Required action: Each line of the data below that contains "objects" must be copied.

Records provided:
== == ==

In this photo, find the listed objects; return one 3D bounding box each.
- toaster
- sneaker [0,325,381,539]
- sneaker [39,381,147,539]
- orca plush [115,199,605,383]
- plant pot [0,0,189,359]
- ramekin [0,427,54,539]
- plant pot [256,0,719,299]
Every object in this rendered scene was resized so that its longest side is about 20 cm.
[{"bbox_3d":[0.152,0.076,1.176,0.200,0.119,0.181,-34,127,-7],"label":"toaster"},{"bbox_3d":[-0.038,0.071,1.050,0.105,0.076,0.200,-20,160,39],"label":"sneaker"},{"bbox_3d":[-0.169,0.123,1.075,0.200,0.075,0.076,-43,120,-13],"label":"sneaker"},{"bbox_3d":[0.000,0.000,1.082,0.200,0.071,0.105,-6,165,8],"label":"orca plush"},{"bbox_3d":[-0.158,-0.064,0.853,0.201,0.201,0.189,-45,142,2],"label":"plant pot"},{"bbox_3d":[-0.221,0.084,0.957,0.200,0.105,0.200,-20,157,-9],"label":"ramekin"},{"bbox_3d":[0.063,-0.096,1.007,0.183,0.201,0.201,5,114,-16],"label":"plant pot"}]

== == ==

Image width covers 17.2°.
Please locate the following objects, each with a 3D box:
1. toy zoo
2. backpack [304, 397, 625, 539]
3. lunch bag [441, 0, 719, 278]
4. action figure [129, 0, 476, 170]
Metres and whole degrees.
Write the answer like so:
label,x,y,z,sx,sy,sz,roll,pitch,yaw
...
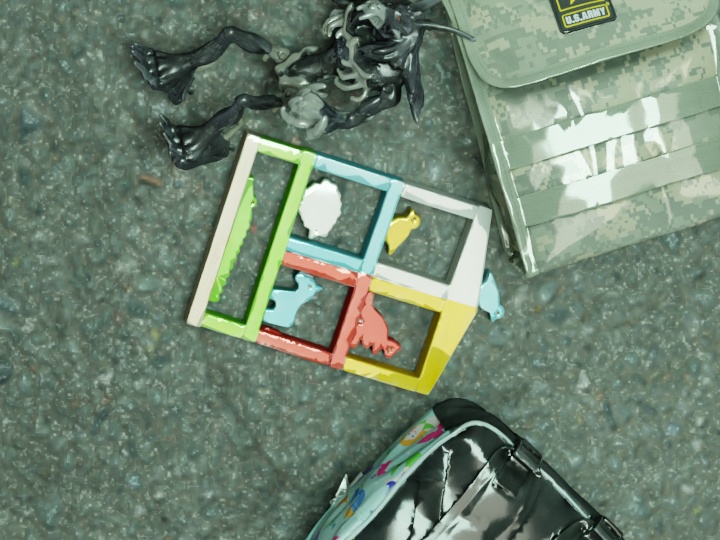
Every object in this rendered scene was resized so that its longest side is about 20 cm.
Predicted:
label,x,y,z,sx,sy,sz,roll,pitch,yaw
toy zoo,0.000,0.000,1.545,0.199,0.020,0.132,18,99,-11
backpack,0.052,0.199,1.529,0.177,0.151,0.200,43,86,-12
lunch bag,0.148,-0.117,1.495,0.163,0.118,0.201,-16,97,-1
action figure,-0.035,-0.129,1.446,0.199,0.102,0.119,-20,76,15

== == ==

Response area:
In this photo, find the listed objects; return one 3D bounding box each.
Please locate the following objects, each with a 3D box:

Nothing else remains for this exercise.